I can let you borrow my sweet little Lucy for a 5 minute visit with the inlaws. Although you will only need 1 or 2 for your Chihuahua problem will be gone. I hope everyone knows I'm just joking, and I would not let Lucy take out a small dog. She doesn't think they are dogs. She sees them as rabbits or squirrels that need to be quickly dispatched.

Years ago I had the same Chihuahua problem with someone in the family.
It leaped off a chair and tried to snap onto my daughters arm. Without thinking, my reflexes kicked in.
A quick hand and dog went sailing, and they were upset. Not with the dog but with me.
It was a easy fix, we never visited again after they did not want to put the dog up around kids.
I feel its their house, their dog and they could leave it out.
I just didn't need to go over there anymore.


----------



## MeandMy3 (Feb 27, 2013)

TR - you make me laugh - "Chihuahua problem". Yep - that's how I consider it.
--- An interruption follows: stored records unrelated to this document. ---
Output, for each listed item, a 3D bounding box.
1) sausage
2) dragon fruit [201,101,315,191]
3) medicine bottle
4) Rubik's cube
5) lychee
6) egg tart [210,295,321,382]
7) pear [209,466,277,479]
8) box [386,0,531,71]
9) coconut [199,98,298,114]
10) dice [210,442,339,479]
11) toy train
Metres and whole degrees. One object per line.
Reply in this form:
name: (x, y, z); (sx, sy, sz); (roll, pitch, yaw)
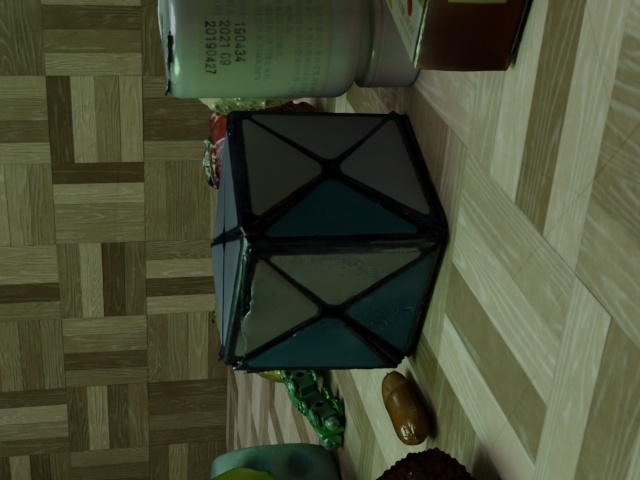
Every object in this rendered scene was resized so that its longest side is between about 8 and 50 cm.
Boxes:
sausage: (0.130, 0.260, 1.535); (0.062, 0.054, 0.183); (-56, 19, 10)
dragon fruit: (-0.111, -0.207, 2.183); (0.291, 0.269, 0.250); (-44, -47, -57)
medicine bottle: (-0.050, -0.319, 1.494); (0.213, 0.378, 0.213); (178, 90, -78)
Rubik's cube: (0.000, 0.000, 1.536); (0.310, 0.305, 0.307); (-101, 17, -46)
lychee: (0.137, 0.352, 1.255); (0.188, 0.188, 0.188); (178, 90, -78)
egg tart: (-0.103, 0.191, 2.294); (0.120, 0.315, 0.315); (-50, -22, -43)
pear: (-0.195, 0.631, 1.888); (0.399, 0.165, 0.399); (-13, 72, 46)
box: (0.149, -0.445, 1.150); (0.385, 0.122, 0.344); (-104, 16, -44)
coconut: (-0.099, -0.399, 1.947); (0.297, 0.309, 0.297); (33, 137, 38)
dice: (-0.099, 0.598, 2.175); (0.262, 0.264, 0.268); (115, 151, -65)
toy train: (-0.016, 0.353, 2.152); (0.251, 0.085, 0.119); (-130, 23, -56)
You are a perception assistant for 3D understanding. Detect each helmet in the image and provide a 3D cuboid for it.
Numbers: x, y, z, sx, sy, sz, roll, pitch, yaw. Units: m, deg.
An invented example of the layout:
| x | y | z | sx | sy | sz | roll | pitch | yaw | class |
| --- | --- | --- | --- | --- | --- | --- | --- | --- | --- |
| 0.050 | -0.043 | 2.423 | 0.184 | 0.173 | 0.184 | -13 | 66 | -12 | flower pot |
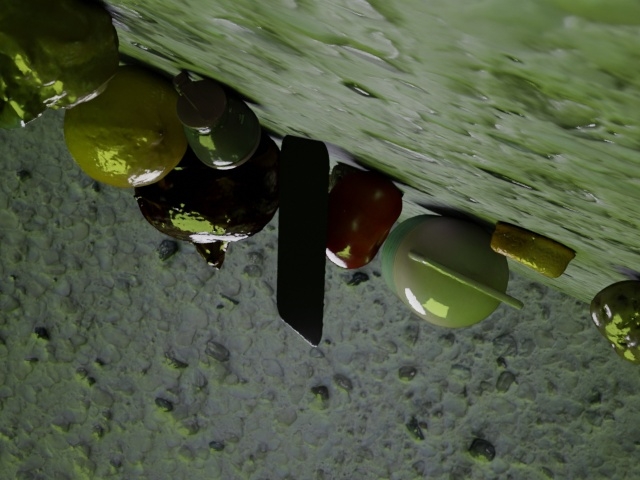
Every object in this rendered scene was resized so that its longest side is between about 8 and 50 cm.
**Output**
| x | y | z | sx | sy | sz | roll | pitch | yaw | class |
| --- | --- | --- | --- | --- | --- | --- | --- | --- | --- |
| 0.084 | -0.089 | 1.613 | 0.153 | 0.107 | 0.177 | 28 | -176 | 29 | helmet |

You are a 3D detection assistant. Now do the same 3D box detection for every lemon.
| x | y | z | sx | sy | sz | roll | pitch | yaw | class |
| --- | --- | --- | --- | --- | --- | --- | --- | --- | --- |
| -0.358 | -0.211 | 1.389 | 0.235 | 0.236 | 0.263 | 23 | 159 | -8 | lemon |

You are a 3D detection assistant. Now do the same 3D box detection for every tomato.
| x | y | z | sx | sy | sz | roll | pitch | yaw | class |
| --- | --- | --- | --- | --- | --- | --- | --- | --- | --- |
| 0.070 | -0.043 | 1.450 | 0.136 | 0.195 | 0.195 | 33 | -177 | 10 | tomato |

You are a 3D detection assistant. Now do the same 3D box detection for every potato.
| x | y | z | sx | sy | sz | roll | pitch | yaw | class |
| --- | --- | --- | --- | --- | --- | --- | --- | --- | --- |
| 0.544 | 0.133 | 1.263 | 0.155 | 0.137 | 0.200 | 58 | -163 | 23 | potato |

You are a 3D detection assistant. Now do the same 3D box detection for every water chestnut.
| x | y | z | sx | sy | sz | roll | pitch | yaw | class |
| --- | --- | --- | --- | --- | --- | --- | --- | --- | --- |
| -0.237 | -0.100 | 1.640 | 0.334 | 0.347 | 0.335 | -4 | -148 | 3 | water chestnut |

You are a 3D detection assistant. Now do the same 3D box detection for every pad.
| x | y | z | sx | sy | sz | roll | pitch | yaw | class |
| --- | --- | --- | --- | --- | --- | --- | --- | --- | --- |
| 0.000 | 0.000 | 1.385 | 0.063 | 0.376 | 0.315 | -3 | -166 | -22 | pad |

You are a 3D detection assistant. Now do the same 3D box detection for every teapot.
| x | y | z | sx | sy | sz | roll | pitch | yaw | class |
| --- | --- | --- | --- | --- | --- | --- | --- | --- | --- |
| -0.165 | -0.199 | 1.159 | 0.116 | 0.148 | 0.146 | -12 | 162 | 9 | teapot |

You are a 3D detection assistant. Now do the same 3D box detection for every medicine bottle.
| x | y | z | sx | sy | sz | roll | pitch | yaw | class |
| --- | --- | --- | --- | --- | --- | --- | --- | --- | --- |
| 0.276 | 0.066 | 1.629 | 0.235 | 0.236 | 0.406 | 23 | -178 | -7 | medicine bottle |

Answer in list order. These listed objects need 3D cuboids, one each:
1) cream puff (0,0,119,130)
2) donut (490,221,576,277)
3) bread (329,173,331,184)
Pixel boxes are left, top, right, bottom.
| x | y | z | sx | sy | sz | roll | pitch | yaw | class |
| --- | --- | --- | --- | --- | --- | --- | --- | --- | --- |
| -0.379 | -0.229 | 0.890 | 0.281 | 0.185 | 0.282 | 21 | -175 | -2 | cream puff |
| 0.374 | 0.018 | 1.337 | 0.151 | 0.058 | 0.152 | 25 | -177 | -2 | donut |
| 0.070 | -0.134 | 1.998 | 0.132 | 0.054 | 0.074 | 26 | -178 | 7 | bread |
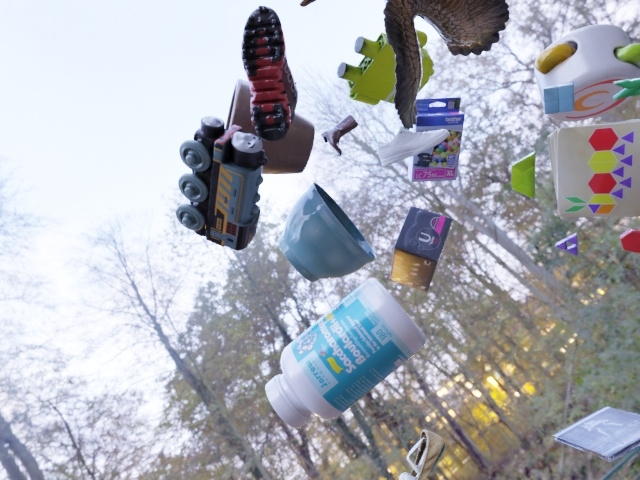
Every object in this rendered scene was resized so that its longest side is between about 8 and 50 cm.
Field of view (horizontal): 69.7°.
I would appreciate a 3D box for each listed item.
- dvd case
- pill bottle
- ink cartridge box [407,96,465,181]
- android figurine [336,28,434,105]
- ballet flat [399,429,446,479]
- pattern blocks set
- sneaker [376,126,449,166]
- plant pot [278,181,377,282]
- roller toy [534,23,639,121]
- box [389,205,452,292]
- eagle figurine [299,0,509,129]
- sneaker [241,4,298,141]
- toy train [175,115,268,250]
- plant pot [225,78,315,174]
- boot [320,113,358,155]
[{"bbox_3d":[0.670,0.446,1.072,0.164,0.018,0.221,-25,-10,-7],"label":"dvd case"},{"bbox_3d":[0.035,0.196,0.775,0.264,0.146,0.146,-41,-29,2],"label":"pill bottle"},{"bbox_3d":[0.438,-0.378,1.743,0.185,0.065,0.311,-3,-64,-4],"label":"ink cartridge box"},{"bbox_3d":[0.186,-0.454,1.225,0.272,0.056,0.248,2,-31,-31],"label":"android figurine"},{"bbox_3d":[0.235,0.580,1.143,0.232,0.073,0.080,-50,-6,-37],"label":"ballet flat"},{"bbox_3d":[0.486,-0.116,0.801,0.026,0.285,0.325,-44,-44,-48],"label":"pattern blocks set"},{"bbox_3d":[0.268,-0.297,1.353,0.212,0.094,0.080,-20,6,14],"label":"sneaker"},{"bbox_3d":[0.000,0.000,1.364,0.196,0.293,0.293,-39,-28,10],"label":"plant pot"},{"bbox_3d":[0.584,-0.371,1.021,0.209,0.146,0.191,-11,-19,14],"label":"roller toy"},{"bbox_3d":[0.327,0.035,1.521,0.270,0.143,0.165,79,-147,-63],"label":"box"},{"bbox_3d":[0.159,-0.368,0.763,0.226,0.298,0.225,-25,26,46],"label":"eagle figurine"},{"bbox_3d":[-0.109,-0.369,1.026,0.135,0.097,0.276,-66,-26,-63],"label":"sneaker"},{"bbox_3d":[-0.228,-0.127,1.092,0.142,0.190,0.334,-63,-7,-50],"label":"toy train"},{"bbox_3d":[-0.143,-0.278,1.252,0.229,0.263,0.263,12,-52,-15],"label":"plant pot"},{"bbox_3d":[0.070,-0.299,1.289,0.114,0.106,0.037,-33,-30,-6],"label":"boot"}]
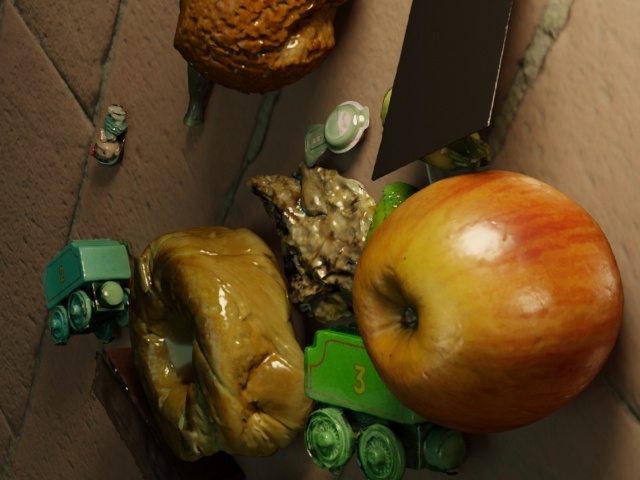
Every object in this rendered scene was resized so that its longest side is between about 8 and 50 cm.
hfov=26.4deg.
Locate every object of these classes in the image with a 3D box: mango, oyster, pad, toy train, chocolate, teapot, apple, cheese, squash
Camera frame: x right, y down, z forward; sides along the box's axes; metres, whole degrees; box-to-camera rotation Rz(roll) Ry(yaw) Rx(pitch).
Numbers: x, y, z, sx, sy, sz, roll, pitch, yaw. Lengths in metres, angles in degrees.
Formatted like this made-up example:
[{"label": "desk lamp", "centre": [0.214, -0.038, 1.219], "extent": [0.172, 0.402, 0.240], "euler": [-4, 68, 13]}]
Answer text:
[{"label": "mango", "centre": [0.097, 0.019, 1.601], "extent": [0.119, 0.100, 0.178], "euler": [112, 164, -72]}, {"label": "oyster", "centre": [0.000, 0.000, 1.765], "extent": [0.223, 0.083, 0.214], "euler": [-16, 87, 48]}, {"label": "pad", "centre": [0.141, -0.219, 1.442], "extent": [0.202, 0.005, 0.299], "euler": [-24, 47, 54]}, {"label": "toy train", "centre": [0.078, 0.193, 1.657], "extent": [0.243, 0.132, 0.188], "euler": [5, 98, 52]}, {"label": "chocolate", "centre": [-0.243, 0.296, 2.147], "extent": [0.321, 0.112, 0.112], "euler": [50, 136, 34]}, {"label": "teapot", "centre": [-0.180, -0.220, 1.995], "extent": [0.043, 0.043, 0.110], "euler": [45, 135, 40]}, {"label": "apple", "centre": [0.166, 0.061, 1.409], "extent": [0.286, 0.233, 0.286], "euler": [20, 115, 52]}, {"label": "cheese", "centre": [0.019, -0.139, 1.732], "extent": [0.121, 0.026, 0.067], "euler": [-22, 63, 45]}, {"label": "squash", "centre": [0.136, -0.116, 1.466], "extent": [0.224, 0.094, 0.094], "euler": [-125, 36, -69]}, {"label": "toy train", "centre": [-0.393, 0.085, 2.306], "extent": [0.203, 0.112, 0.163], "euler": [-31, 67, 51]}]

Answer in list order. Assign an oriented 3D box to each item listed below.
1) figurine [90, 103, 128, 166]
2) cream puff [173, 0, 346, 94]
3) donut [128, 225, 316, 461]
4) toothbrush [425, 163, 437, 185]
[{"label": "figurine", "centre": [-0.345, -0.172, 2.232], "extent": [0.060, 0.047, 0.106], "euler": [35, 122, 26]}, {"label": "cream puff", "centre": [-0.058, -0.321, 1.641], "extent": [0.303, 0.212, 0.303], "euler": [-165, 90, -79]}, {"label": "donut", "centre": [-0.145, 0.152, 1.928], "extent": [0.360, 0.170, 0.360], "euler": [27, 122, 55]}, {"label": "toothbrush", "centre": [0.154, -0.001, 1.588], "extent": [0.022, 0.026, 0.263], "euler": [-22, 79, 60]}]
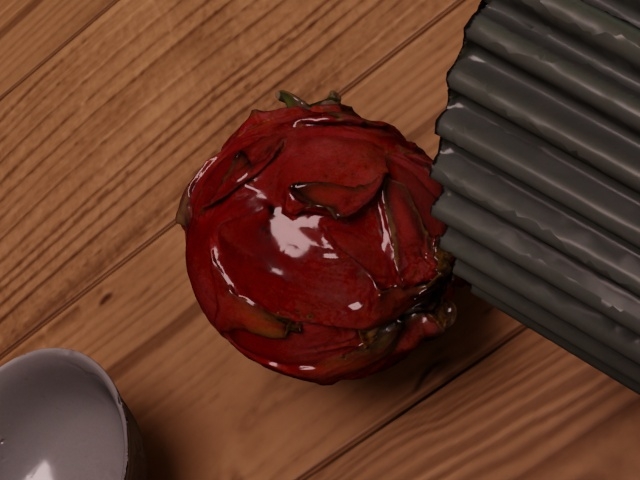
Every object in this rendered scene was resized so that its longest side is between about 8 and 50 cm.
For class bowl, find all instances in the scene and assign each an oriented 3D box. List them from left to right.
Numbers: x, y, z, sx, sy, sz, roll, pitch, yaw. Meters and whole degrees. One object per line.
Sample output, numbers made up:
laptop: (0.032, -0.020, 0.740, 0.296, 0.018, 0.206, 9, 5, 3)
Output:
bowl: (-0.172, 0.173, 0.997, 0.189, 0.086, 0.189, -18, 58, 31)

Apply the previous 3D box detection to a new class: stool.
stool: (0.263, -0.014, 0.635, 0.330, 0.297, 0.297, 38, 92, 39)

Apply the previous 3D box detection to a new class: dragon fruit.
dragon fruit: (0.000, 0.000, 0.901, 0.172, 0.172, 0.209, -44, 37, 10)
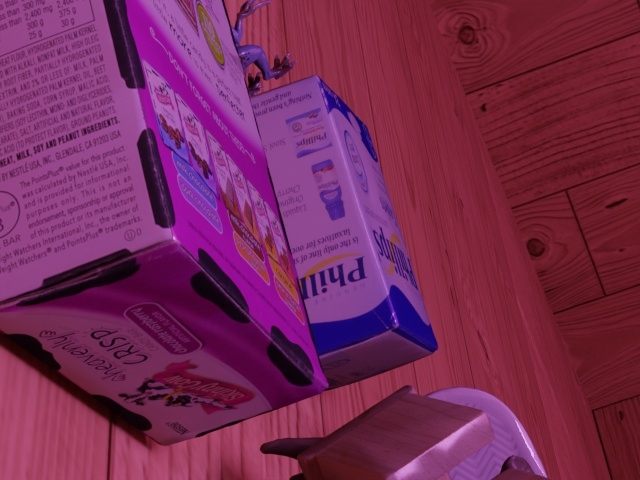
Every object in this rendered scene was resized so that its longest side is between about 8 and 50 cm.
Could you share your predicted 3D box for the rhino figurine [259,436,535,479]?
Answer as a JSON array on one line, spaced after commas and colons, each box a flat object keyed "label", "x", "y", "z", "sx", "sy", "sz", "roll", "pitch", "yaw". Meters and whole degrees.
[{"label": "rhino figurine", "x": 0.057, "y": 0.146, "z": 0.826, "sx": 0.243, "sy": 0.106, "sz": 0.073, "roll": 37, "pitch": 33, "yaw": -35}]

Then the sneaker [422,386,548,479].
[{"label": "sneaker", "x": 0.090, "y": 0.211, "z": 0.999, "sx": 0.169, "sy": 0.108, "sz": 0.292, "roll": -44, "pitch": 124, "yaw": -82}]

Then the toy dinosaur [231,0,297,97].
[{"label": "toy dinosaur", "x": -0.050, "y": -0.108, "z": 1.016, "sx": 0.082, "sy": 0.047, "sz": 0.090, "roll": 31, "pitch": 47, "yaw": -47}]

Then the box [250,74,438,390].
[{"label": "box", "x": 0.000, "y": 0.000, "z": 0.973, "sx": 0.126, "sy": 0.072, "sz": 0.137, "roll": 33, "pitch": 39, "yaw": -74}]

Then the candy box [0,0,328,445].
[{"label": "candy box", "x": -0.077, "y": -0.063, "z": 0.651, "sx": 0.159, "sy": 0.071, "sz": 0.233, "roll": 51, "pitch": 22, "yaw": -63}]

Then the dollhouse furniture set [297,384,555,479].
[{"label": "dollhouse furniture set", "x": 0.039, "y": 0.150, "z": 0.671, "sx": 0.151, "sy": 0.144, "sz": 0.123, "roll": 9, "pitch": -55, "yaw": 58}]
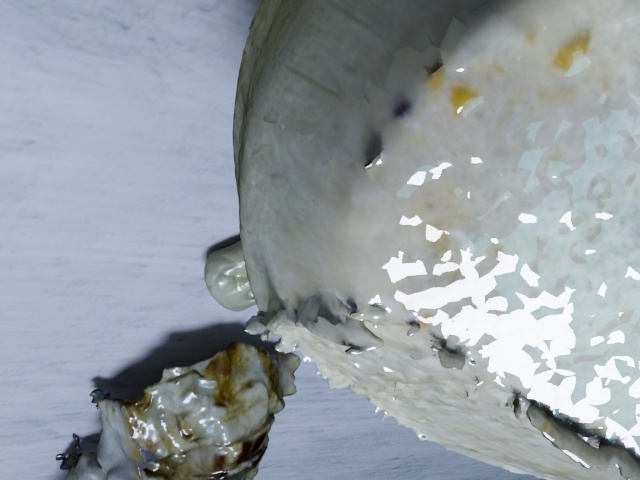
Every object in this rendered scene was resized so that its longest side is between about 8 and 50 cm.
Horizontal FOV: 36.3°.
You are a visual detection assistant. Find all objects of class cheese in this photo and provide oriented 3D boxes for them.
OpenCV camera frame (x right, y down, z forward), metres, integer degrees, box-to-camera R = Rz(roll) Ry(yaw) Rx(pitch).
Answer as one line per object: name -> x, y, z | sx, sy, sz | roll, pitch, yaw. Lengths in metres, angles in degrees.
cheese -> 0.000, 0.000, 0.778 | 0.194, 0.043, 0.065 | -22, 151, 2

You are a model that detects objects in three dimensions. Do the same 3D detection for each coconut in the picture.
coconut -> 0.128, -0.051, 0.494 | 0.347, 0.360, 0.346 | 1, 112, 2

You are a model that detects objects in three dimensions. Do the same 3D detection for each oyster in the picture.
oyster -> -0.161, 0.217, 0.940 | 0.337, 0.133, 0.198 | -42, 137, 23
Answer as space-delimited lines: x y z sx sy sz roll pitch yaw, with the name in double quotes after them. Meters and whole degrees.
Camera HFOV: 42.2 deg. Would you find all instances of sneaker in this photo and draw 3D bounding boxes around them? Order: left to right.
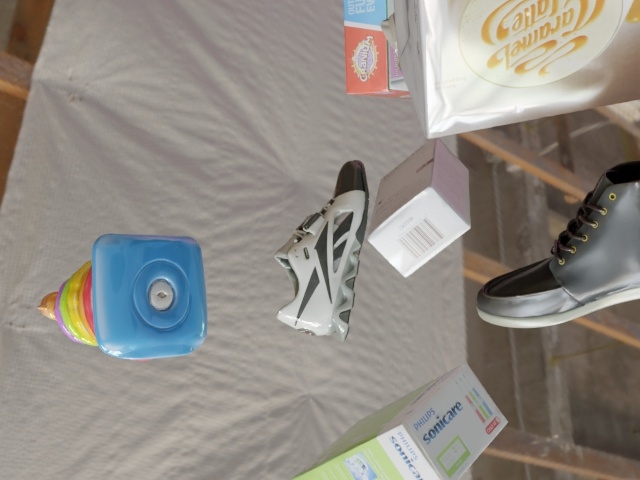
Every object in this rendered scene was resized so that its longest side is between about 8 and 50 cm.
0.000 0.000 1.441 0.146 0.122 0.330 12 -111 -3 "sneaker"
0.240 0.001 0.773 0.118 0.222 0.083 65 -160 -20 "sneaker"

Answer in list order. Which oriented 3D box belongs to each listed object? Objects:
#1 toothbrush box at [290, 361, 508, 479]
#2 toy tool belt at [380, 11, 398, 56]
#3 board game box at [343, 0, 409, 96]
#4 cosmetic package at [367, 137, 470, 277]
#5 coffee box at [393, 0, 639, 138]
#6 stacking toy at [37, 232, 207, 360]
0.122 0.335 1.316 0.122 0.283 0.206 54 -140 6 "toothbrush box"
0.106 -0.223 0.921 0.052 0.051 0.083 8 -130 -60 "toy tool belt"
0.143 -0.320 1.162 0.317 0.064 0.242 -9 -81 -55 "board game box"
0.140 -0.054 1.158 0.085 0.117 0.231 45 -159 -13 "cosmetic package"
0.172 -0.165 0.508 0.098 0.247 0.141 -100 1 -46 "coffee box"
-0.313 0.089 1.175 0.175 0.302 0.165 2 -98 -47 "stacking toy"
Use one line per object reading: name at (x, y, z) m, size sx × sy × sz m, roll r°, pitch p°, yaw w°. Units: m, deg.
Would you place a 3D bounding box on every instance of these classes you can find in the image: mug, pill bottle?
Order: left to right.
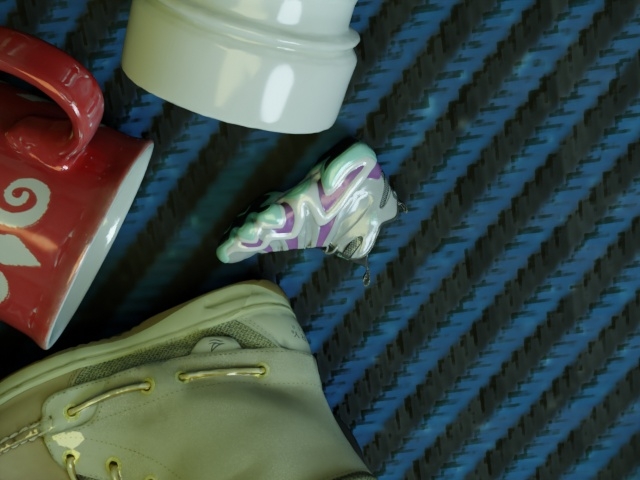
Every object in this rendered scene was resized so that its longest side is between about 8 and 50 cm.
mug at (-0.173, -0.050, 0.551) m, size 0.169 × 0.113 × 0.150 m, roll 26°, pitch 111°, yaw -4°
pill bottle at (-0.010, -0.169, 0.488) m, size 0.131 × 0.131 × 0.229 m, roll 16°, pitch 111°, yaw -5°

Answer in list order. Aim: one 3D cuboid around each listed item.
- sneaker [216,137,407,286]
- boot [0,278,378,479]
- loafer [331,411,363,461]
sneaker at (0.000, 0.000, 0.601) m, size 0.098 × 0.038 × 0.069 m, roll -34°, pitch 106°, yaw 13°
boot at (-0.081, 0.127, 0.562) m, size 0.213 × 0.165 × 0.077 m, roll -25°, pitch 146°, yaw -9°
loafer at (-0.083, 0.142, 0.647) m, size 0.220 × 0.080 × 0.078 m, roll -9°, pitch 143°, yaw 3°
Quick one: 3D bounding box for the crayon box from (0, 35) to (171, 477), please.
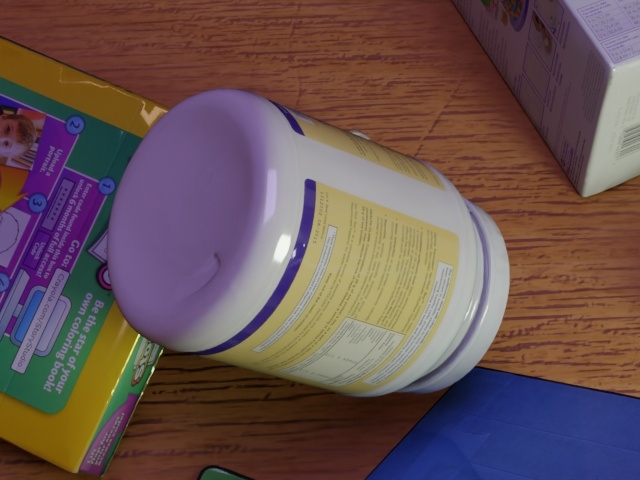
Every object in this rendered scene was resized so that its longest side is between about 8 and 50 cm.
[{"bbox_3d":[-0.288,0.008,1.820,0.313,0.106,0.363,24,85,12],"label":"crayon box"}]

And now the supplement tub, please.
[{"bbox_3d":[-0.006,0.014,1.698,0.331,0.241,0.241,19,47,-41],"label":"supplement tub"}]

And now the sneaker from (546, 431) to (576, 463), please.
[{"bbox_3d":[0.316,0.257,1.746,0.295,0.124,0.178,9,35,-22],"label":"sneaker"}]

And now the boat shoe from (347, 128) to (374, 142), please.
[{"bbox_3d":[0.000,0.000,1.905,0.092,0.103,0.285,24,55,19],"label":"boat shoe"}]

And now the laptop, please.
[{"bbox_3d":[0.092,0.196,1.598,0.382,0.408,0.236,6,78,52],"label":"laptop"}]

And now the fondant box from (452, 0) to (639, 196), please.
[{"bbox_3d":[0.257,-0.247,1.979,0.096,0.238,0.330,-23,62,-14],"label":"fondant box"}]

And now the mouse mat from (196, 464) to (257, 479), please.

I just don't understand why the dog is allowed to get away with so much nipping, growling, and biting. Some day he is going to tangle with the wrong human or animal. I told my FIL that he should teach him some manners - if for nothing else, the Chihuahua's safety. They also have a basset hound who is perfectly behaved - probably because she is too big to be held and carried around.


----------



## CrazyCash (Jul 12, 2012)

I have a Chihuahua story for you...

When I was about 10 years old we went to visit my uncle and his family on their farm, they had horses and cows, dogs, cats, chickens, donkeys, and a Chihuahua named Tiny. Tiny didn't like anyone except my cousin (he was her dog) and he would nip/bite anyone that came near him.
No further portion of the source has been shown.